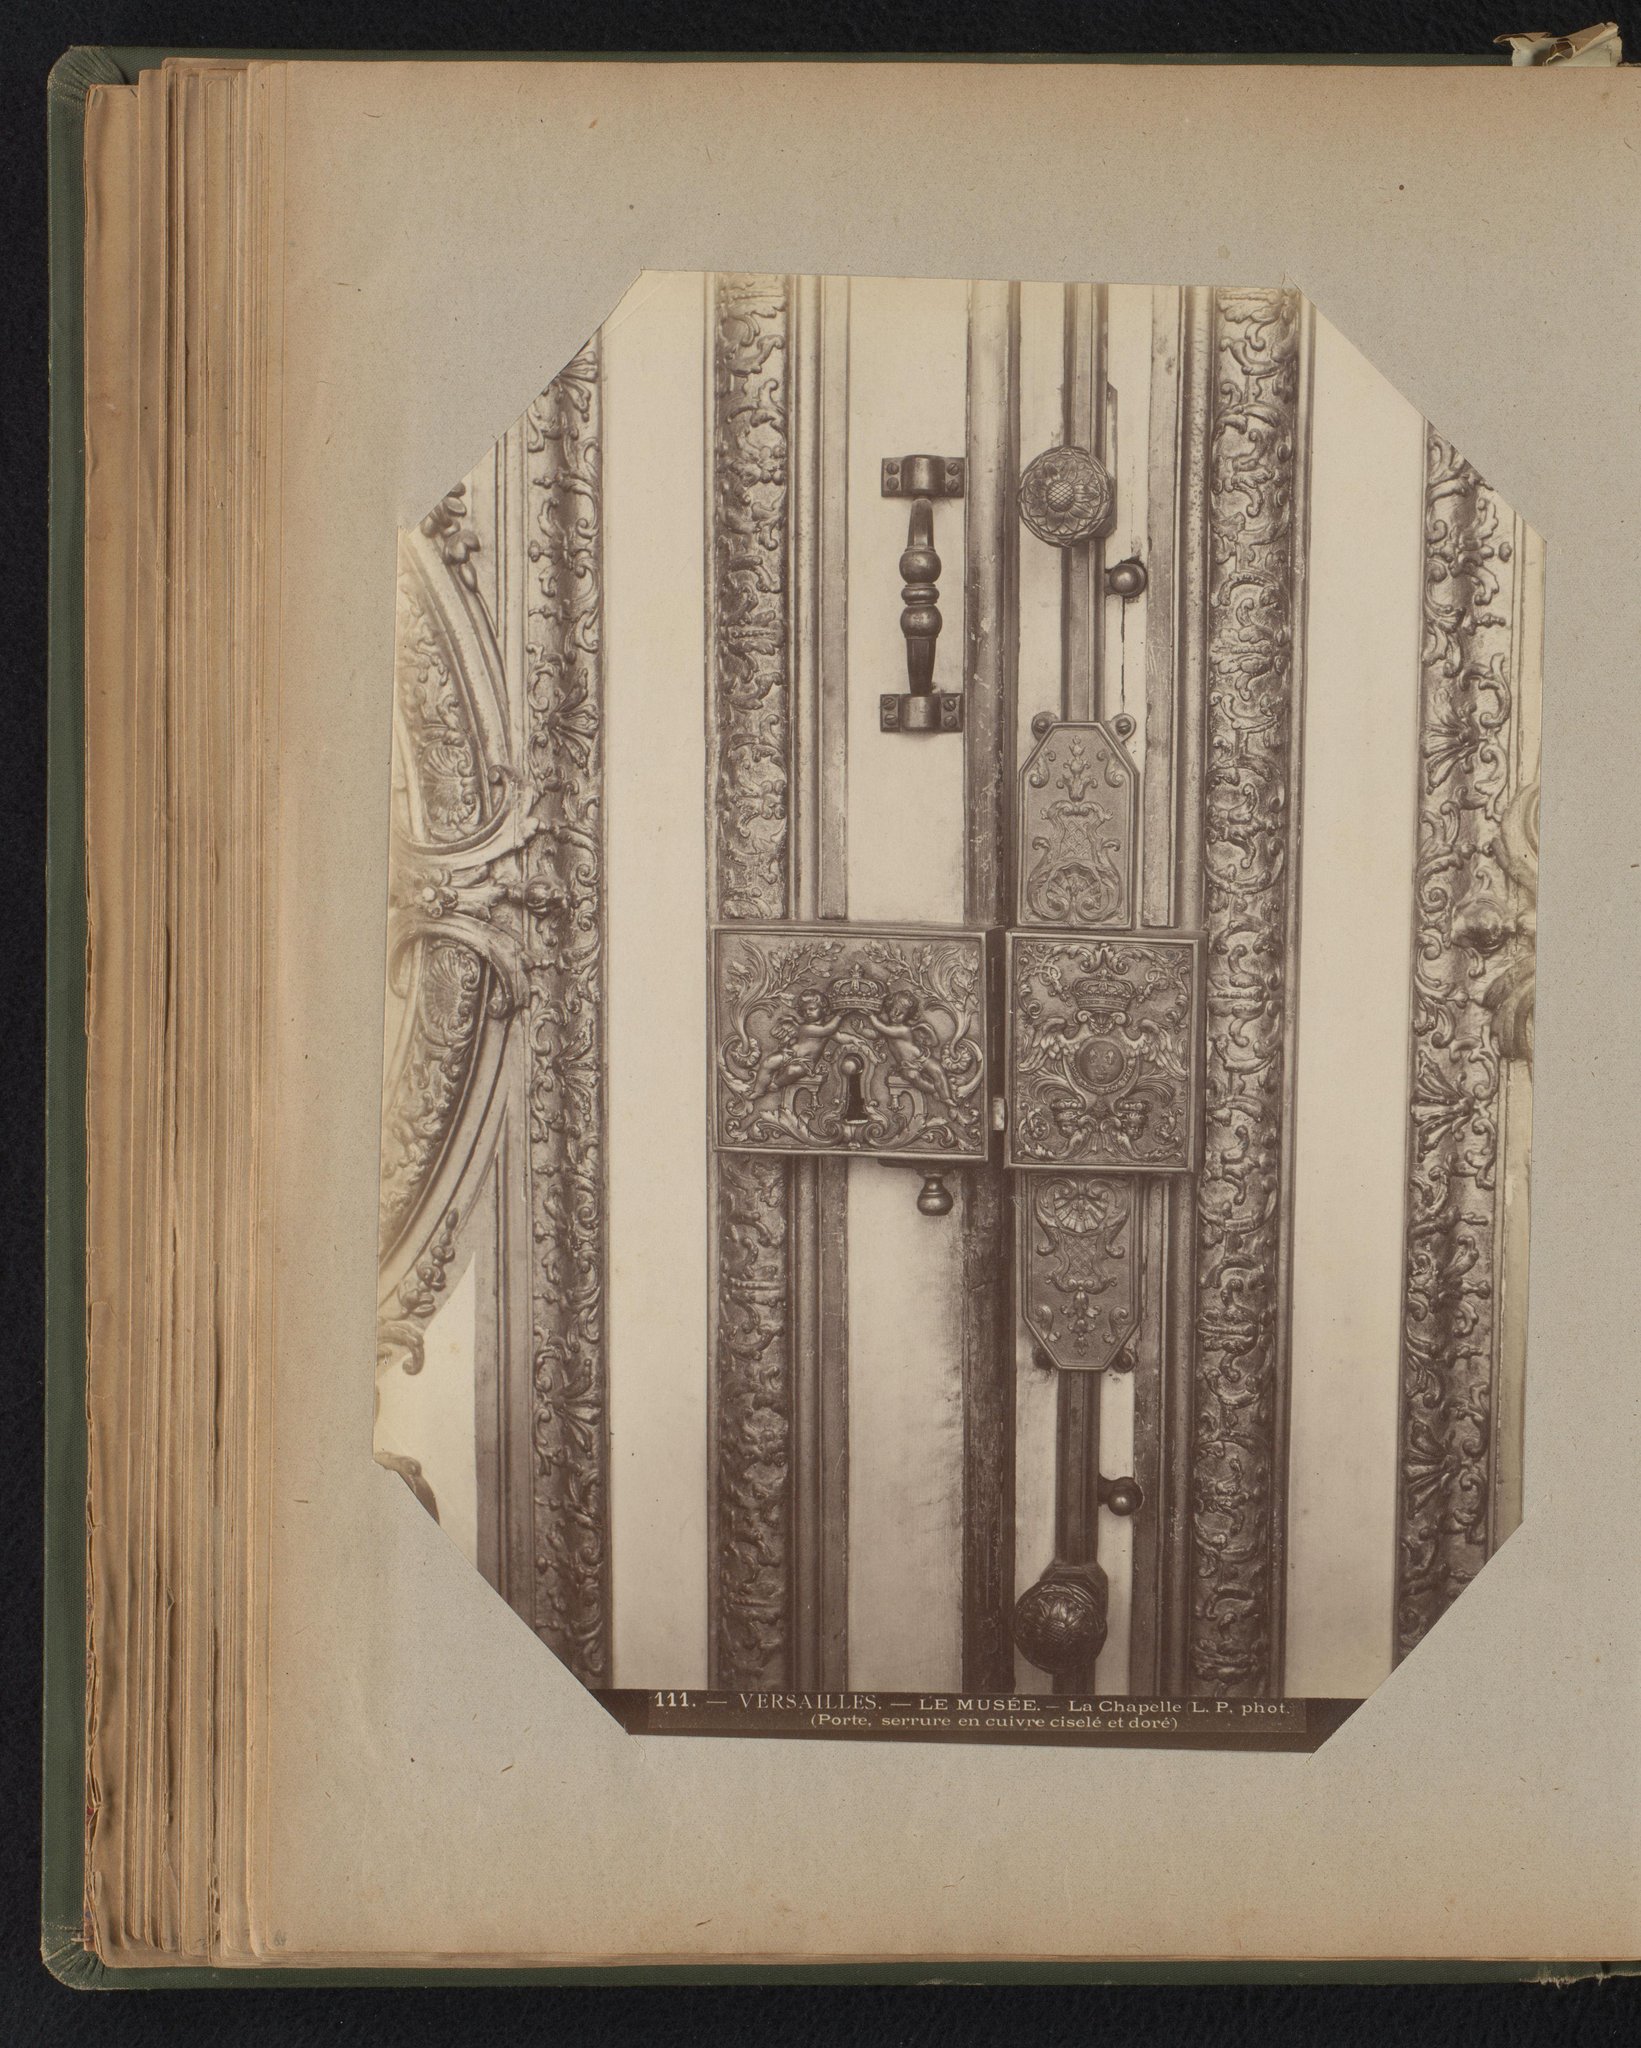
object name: photograph
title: Slot van het hek gedecoreerd engelen die in hun handen een kroon dragen
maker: Anonymous
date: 1860-1900
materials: paper
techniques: albumen print
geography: france
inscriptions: annotation: ‘111 - Versailles Le Musee - La Chapelle (L.P. Phot) (Porte, serrure en cuivre cisele et doré).’
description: Het andere deel van het slot bevat een wapen met Franse lelies en vleugels. Onderdeel van een serie met betrekking tot het interieur van het paleis van Versailles met kroonluchters, deuren, portalen en meubelstukken.

----

- **EXERCISE DIRECTIONS**:
Take every line of the material and copy it exactly, leaving out the pictures.

- **SOLUTION**:
object name: photograph
title: Slot van het hek gedecoreerd engelen die in hun handen een kroon dragen
maker: Anonymous
date: 1860-1900
materials: paper
techniques: albumen print
geography: france
inscriptions: annotation: ‘111 - Versailles Le Musee - La Chapelle (L.P. Phot) (Porte, serrure en cuivre cisele et doré).’
description: Het andere deel van het slot bevat een wapen met Franse lelies en vleugels. Onderdeel van een serie met betrekking tot het interieur van het paleis van Versailles met kroonluchters, deuren, portalen en meubelstukken.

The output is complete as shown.